**Task description:** Go through the data below and return each line where the string "listed" occurs.
-- -- --
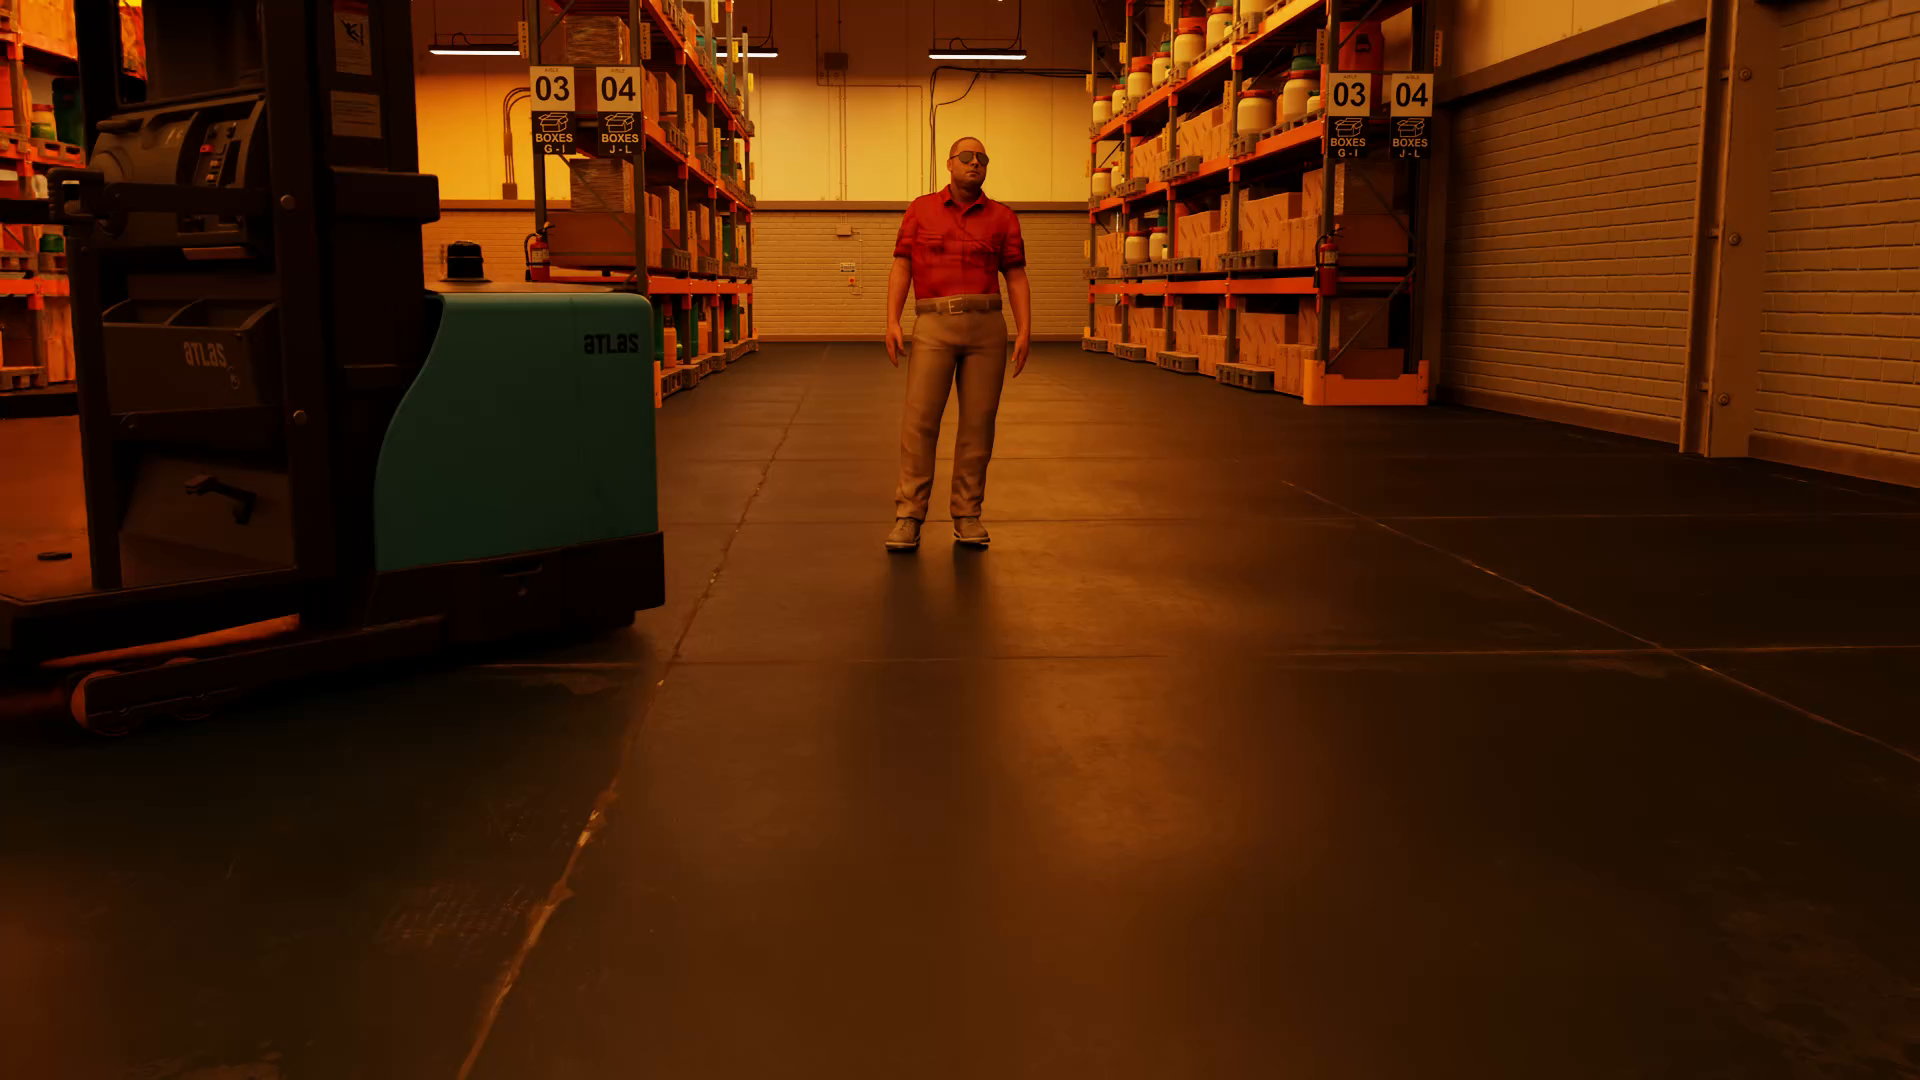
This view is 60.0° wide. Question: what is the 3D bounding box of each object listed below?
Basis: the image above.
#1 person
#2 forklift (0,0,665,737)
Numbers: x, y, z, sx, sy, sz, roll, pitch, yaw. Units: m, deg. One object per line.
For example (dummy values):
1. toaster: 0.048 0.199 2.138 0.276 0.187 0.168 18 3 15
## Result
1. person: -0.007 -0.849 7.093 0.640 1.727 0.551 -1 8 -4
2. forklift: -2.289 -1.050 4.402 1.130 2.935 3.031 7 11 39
-- -- --
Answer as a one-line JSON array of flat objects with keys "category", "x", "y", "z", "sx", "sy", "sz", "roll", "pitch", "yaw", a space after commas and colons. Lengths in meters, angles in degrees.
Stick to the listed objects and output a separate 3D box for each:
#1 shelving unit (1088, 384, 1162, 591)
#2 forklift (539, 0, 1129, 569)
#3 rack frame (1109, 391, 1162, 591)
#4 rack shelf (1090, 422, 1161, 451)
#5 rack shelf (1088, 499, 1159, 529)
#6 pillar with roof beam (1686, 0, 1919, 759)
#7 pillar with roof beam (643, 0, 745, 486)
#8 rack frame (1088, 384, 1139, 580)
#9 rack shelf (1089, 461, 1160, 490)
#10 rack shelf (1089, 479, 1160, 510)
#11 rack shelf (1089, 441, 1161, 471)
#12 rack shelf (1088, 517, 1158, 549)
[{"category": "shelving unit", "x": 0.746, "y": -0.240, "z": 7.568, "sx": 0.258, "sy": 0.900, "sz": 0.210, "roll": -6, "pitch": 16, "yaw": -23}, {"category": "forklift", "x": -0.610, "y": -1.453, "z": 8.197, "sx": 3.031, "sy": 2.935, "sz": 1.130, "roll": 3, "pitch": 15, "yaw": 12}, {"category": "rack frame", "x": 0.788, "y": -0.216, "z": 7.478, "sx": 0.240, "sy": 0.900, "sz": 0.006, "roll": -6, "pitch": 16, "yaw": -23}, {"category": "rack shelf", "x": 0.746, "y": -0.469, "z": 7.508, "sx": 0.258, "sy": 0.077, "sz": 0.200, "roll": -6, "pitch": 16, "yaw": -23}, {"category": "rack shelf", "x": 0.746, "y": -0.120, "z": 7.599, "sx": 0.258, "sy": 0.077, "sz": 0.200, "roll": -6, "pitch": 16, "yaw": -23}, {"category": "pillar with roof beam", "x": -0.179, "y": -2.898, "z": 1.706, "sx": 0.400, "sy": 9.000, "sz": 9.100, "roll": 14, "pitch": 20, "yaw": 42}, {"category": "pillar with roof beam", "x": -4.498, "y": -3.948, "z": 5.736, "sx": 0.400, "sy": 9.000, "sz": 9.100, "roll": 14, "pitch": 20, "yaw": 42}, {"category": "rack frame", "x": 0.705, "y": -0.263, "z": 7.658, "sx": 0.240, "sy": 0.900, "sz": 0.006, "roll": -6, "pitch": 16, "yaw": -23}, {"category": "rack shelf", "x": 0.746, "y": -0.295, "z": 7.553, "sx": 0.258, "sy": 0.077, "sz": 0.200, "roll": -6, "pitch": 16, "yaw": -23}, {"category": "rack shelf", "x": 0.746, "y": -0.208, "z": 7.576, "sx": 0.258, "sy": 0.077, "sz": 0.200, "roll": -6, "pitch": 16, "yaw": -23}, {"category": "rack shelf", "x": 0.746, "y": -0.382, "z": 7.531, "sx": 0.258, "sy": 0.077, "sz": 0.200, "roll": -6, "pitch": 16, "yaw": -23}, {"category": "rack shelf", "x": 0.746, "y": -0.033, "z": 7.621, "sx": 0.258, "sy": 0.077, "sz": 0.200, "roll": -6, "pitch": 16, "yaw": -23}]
-- -- --
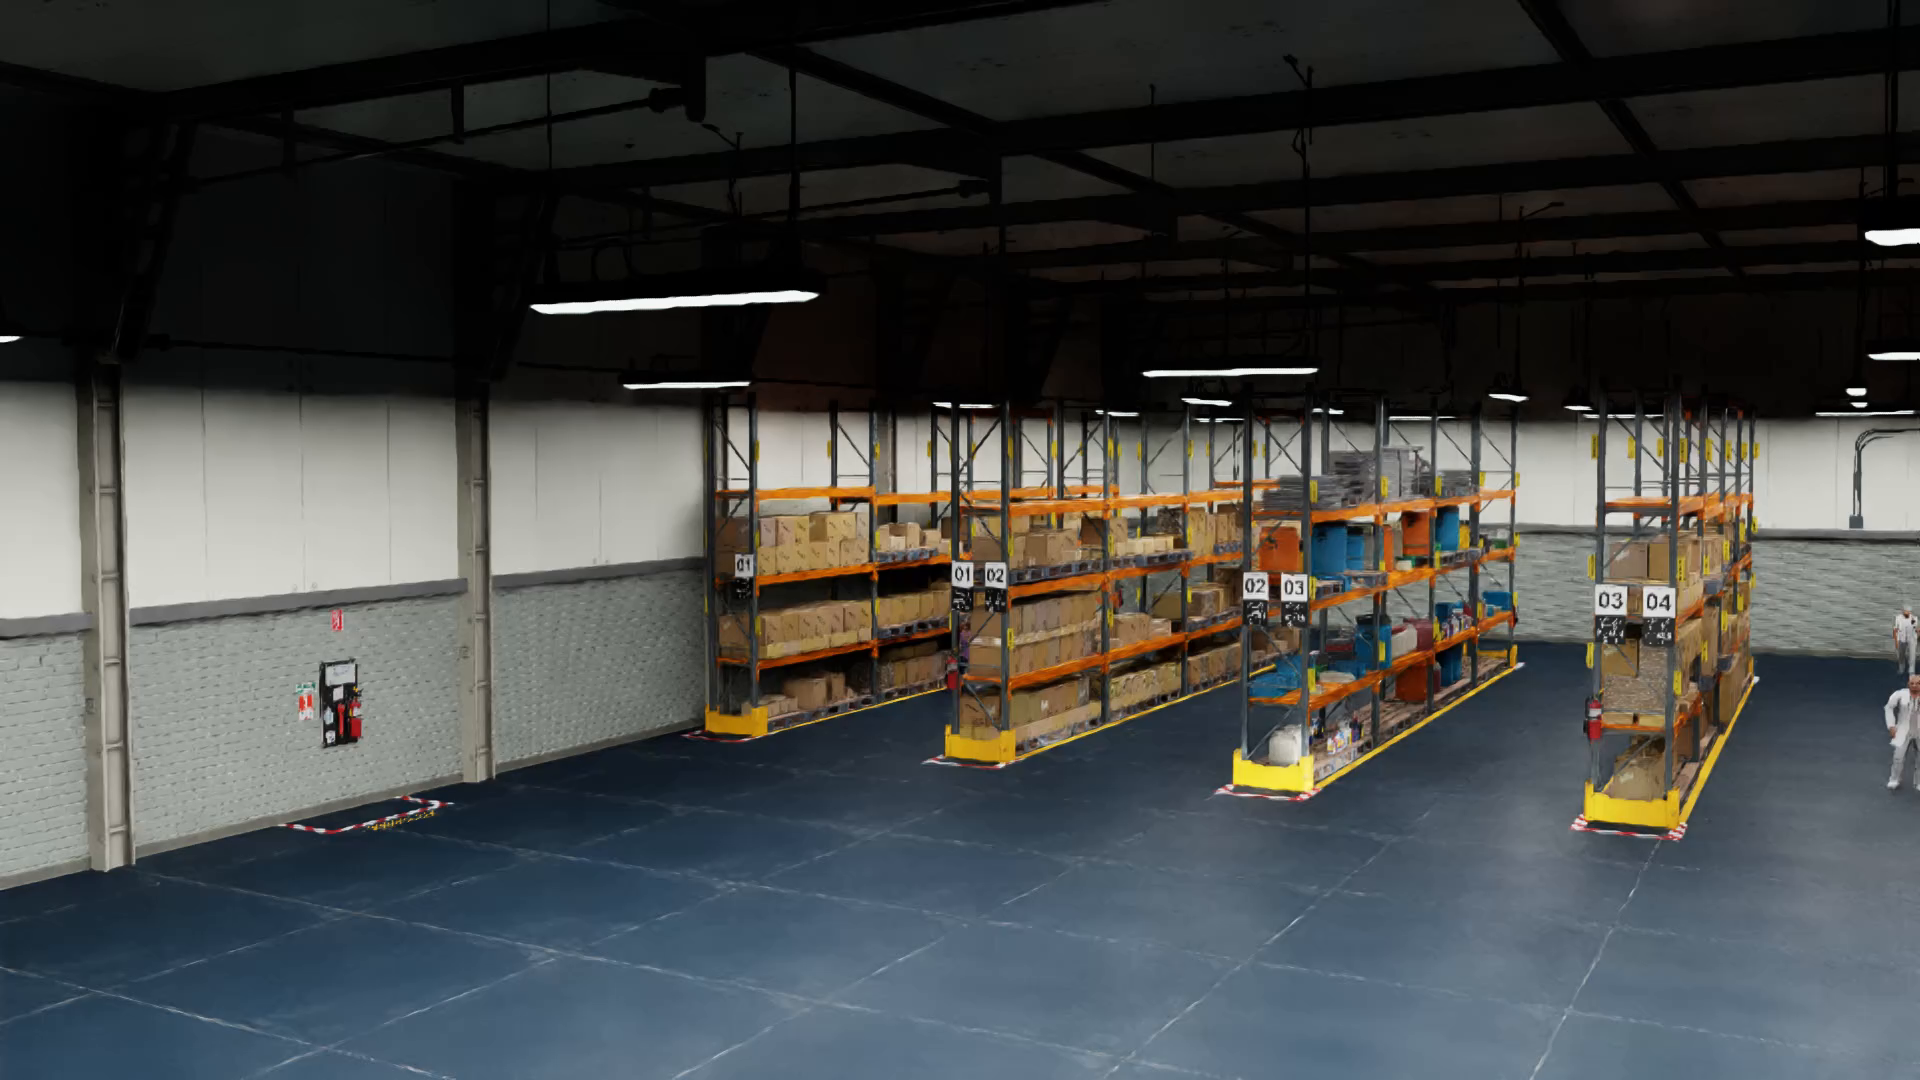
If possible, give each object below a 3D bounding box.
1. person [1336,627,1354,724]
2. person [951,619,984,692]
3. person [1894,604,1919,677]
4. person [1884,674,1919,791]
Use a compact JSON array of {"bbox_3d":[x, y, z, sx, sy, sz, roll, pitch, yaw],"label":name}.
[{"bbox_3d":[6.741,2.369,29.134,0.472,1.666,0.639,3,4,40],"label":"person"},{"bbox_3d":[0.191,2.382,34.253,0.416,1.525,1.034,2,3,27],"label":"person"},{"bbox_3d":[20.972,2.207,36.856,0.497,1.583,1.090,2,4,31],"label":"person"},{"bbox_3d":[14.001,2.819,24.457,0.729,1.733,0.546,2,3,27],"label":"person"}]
-- -- --
**Result of this exercise:**
This view is 60.0° wide. Question: what is the 3D bounding box of each object listed below?
Stick to the listed objects and output a separate 3D box for each:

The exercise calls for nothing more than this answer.